> [PROBLEM REQUIREMENTS]
Give the number of lines in the records below that include the word "stroke", and add nothing to it.

> [DATA FOR REVIEW]

- - -

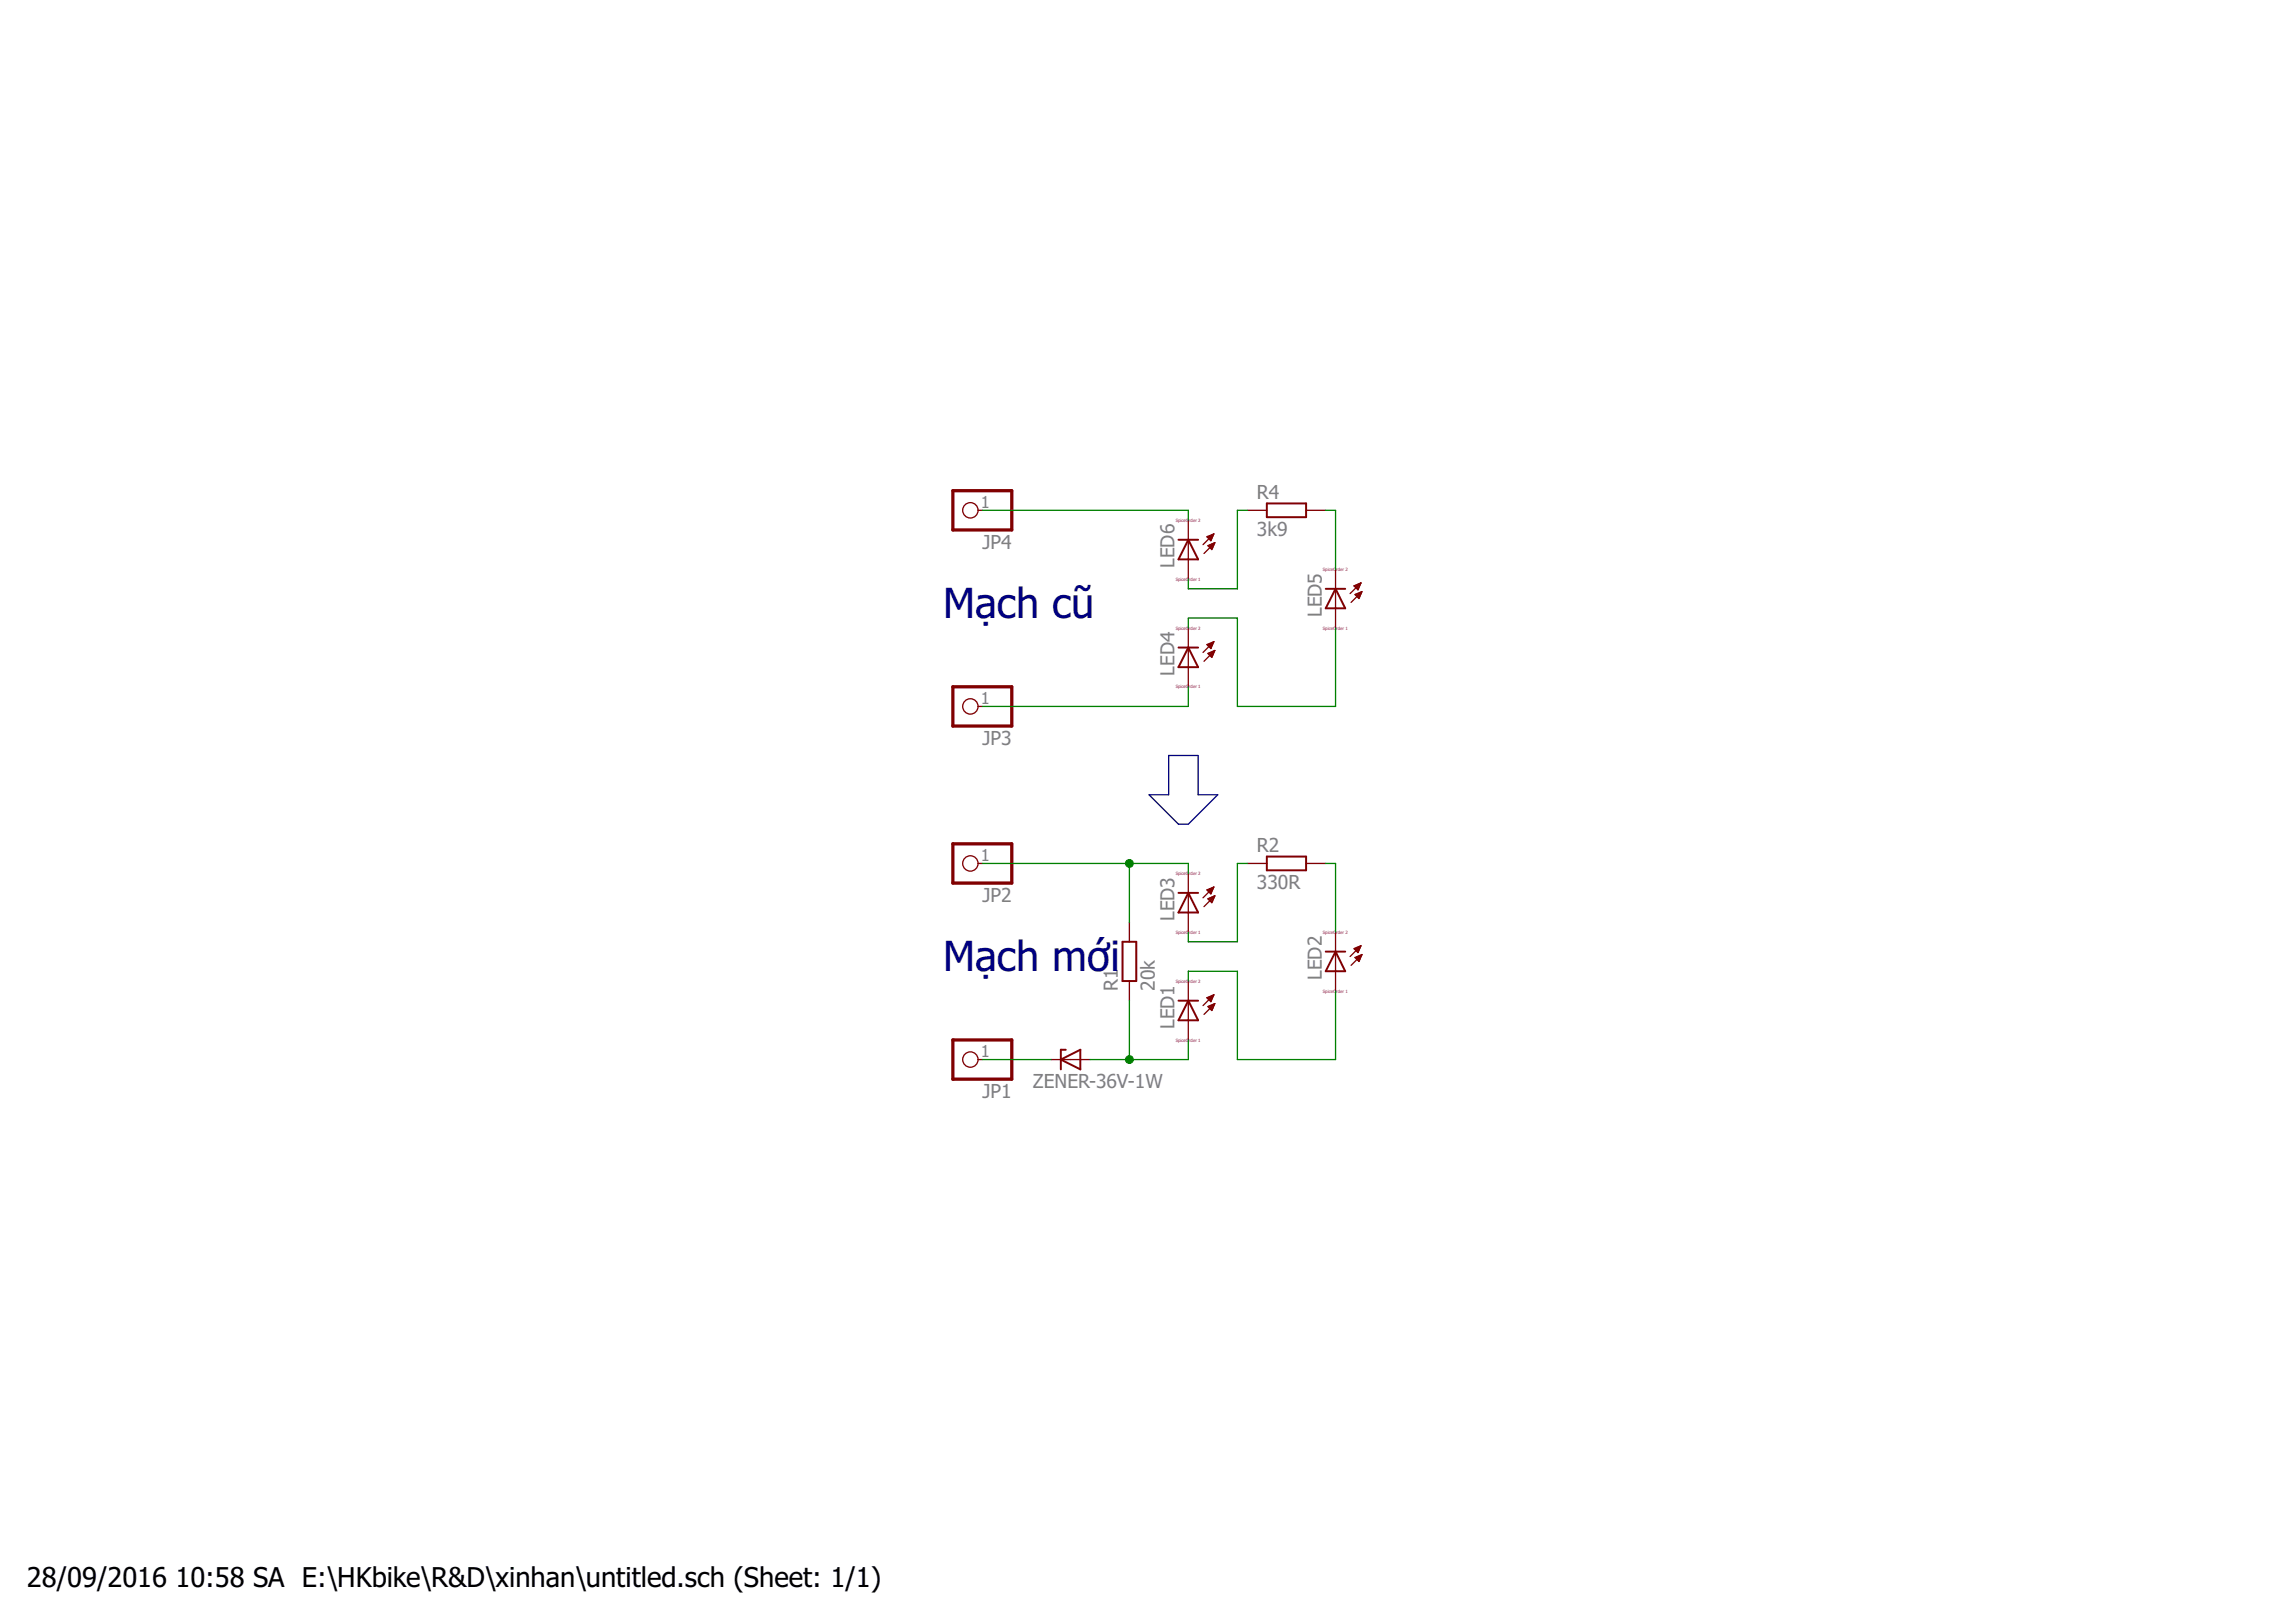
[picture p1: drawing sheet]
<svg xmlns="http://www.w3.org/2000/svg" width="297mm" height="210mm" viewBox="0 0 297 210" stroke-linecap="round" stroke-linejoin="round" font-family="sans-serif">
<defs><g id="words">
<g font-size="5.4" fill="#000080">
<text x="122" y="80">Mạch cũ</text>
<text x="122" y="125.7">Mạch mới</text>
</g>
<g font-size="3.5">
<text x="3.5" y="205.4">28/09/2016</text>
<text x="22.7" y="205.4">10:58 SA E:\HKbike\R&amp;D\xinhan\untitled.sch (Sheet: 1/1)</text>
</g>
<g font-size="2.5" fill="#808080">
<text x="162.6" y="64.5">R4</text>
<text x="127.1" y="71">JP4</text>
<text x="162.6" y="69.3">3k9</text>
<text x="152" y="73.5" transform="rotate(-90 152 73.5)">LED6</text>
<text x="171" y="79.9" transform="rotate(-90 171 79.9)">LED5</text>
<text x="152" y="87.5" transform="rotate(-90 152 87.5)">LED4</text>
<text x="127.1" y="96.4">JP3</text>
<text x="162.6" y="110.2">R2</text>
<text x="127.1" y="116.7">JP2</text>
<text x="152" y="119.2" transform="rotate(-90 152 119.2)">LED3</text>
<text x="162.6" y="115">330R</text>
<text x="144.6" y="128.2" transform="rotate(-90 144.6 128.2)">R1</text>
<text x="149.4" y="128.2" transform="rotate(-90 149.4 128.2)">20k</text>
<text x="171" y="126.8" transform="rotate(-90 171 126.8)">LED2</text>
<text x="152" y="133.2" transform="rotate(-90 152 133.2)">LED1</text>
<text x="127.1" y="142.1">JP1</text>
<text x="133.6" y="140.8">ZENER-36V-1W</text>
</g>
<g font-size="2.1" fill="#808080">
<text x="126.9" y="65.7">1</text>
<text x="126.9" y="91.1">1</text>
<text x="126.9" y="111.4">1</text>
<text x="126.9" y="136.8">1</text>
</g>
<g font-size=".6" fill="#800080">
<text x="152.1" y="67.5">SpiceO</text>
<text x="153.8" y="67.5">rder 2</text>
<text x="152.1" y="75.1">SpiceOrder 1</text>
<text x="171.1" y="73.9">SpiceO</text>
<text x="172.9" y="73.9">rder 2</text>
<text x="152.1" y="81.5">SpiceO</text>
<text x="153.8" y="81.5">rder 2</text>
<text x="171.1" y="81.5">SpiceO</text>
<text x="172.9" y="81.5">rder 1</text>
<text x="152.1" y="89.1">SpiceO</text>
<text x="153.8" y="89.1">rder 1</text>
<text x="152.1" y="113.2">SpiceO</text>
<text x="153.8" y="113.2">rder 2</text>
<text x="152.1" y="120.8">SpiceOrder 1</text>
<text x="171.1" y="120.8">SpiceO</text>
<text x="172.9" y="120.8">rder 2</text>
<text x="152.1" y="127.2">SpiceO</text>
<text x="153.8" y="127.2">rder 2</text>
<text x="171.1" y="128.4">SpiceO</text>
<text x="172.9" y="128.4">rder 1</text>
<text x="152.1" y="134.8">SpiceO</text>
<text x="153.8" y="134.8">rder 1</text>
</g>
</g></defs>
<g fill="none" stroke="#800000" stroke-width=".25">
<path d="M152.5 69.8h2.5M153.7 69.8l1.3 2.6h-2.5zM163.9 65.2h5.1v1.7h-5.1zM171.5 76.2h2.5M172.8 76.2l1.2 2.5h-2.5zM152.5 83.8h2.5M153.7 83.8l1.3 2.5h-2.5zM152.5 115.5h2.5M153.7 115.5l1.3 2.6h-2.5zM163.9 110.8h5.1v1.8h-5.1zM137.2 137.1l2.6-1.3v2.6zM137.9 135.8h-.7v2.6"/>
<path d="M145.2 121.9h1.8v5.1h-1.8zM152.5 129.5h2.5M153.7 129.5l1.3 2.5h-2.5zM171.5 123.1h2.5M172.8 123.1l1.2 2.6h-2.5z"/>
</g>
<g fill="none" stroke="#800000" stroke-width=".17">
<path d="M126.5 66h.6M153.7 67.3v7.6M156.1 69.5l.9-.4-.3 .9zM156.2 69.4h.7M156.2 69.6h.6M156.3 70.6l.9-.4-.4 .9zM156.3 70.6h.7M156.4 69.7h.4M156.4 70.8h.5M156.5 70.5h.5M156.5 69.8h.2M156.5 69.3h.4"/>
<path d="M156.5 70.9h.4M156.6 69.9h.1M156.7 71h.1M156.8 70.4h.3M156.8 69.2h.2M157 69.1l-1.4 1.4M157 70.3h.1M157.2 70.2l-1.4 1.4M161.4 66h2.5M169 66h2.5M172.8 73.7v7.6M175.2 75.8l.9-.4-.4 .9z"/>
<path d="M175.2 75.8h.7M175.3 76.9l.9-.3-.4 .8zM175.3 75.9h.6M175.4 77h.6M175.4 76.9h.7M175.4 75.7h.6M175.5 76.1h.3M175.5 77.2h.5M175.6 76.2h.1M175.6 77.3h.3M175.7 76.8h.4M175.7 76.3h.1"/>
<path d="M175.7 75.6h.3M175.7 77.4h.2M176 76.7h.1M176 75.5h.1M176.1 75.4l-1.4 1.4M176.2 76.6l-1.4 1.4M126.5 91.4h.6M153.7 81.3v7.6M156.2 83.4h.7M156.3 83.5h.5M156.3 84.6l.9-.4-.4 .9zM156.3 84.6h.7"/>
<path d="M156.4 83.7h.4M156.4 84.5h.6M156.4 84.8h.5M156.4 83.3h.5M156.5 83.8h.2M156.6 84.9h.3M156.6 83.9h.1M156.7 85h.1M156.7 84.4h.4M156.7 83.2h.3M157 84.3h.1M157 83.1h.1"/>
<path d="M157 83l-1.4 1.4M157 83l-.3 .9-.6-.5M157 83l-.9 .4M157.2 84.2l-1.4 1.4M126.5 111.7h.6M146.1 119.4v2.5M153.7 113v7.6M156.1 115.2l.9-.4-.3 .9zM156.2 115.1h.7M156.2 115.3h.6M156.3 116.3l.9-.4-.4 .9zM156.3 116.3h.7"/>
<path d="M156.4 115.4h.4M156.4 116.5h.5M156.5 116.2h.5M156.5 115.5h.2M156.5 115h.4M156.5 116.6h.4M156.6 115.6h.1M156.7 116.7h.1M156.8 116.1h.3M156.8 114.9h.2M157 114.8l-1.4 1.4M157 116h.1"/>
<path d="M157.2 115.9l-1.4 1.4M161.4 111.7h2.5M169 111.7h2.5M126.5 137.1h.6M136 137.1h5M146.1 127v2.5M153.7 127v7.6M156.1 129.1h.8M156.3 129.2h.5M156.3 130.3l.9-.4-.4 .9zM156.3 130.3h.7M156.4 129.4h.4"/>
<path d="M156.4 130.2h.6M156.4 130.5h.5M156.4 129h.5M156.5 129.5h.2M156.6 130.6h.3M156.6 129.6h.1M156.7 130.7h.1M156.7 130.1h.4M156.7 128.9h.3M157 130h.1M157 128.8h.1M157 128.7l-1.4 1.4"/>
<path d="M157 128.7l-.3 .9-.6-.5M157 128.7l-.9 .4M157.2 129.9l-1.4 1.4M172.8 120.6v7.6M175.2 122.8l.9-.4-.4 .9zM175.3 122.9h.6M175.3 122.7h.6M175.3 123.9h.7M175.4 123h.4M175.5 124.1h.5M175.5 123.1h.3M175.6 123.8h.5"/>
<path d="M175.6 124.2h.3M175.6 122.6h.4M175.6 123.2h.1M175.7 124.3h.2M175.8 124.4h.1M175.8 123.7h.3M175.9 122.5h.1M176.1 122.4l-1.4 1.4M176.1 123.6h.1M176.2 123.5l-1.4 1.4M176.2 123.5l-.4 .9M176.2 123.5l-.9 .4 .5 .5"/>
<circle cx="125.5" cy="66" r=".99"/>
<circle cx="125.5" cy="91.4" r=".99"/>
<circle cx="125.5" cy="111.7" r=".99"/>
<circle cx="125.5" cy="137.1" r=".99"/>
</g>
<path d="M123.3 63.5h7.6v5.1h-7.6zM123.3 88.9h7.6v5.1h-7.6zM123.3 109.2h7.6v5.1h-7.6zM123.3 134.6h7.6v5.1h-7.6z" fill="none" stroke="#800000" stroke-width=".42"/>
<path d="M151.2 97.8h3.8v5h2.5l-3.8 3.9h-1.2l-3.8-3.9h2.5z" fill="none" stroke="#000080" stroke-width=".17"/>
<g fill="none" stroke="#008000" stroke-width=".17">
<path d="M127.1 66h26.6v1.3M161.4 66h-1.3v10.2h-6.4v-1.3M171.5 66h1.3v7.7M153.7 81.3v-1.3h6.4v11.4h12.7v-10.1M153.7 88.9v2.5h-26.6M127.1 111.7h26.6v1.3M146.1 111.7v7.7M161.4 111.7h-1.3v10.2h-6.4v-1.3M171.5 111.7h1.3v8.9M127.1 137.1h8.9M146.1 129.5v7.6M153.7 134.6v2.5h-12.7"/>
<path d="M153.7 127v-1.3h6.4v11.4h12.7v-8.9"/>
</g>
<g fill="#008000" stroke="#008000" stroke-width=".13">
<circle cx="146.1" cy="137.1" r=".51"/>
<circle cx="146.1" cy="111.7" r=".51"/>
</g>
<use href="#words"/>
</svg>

- - -

> [ANSWER SECTION]
7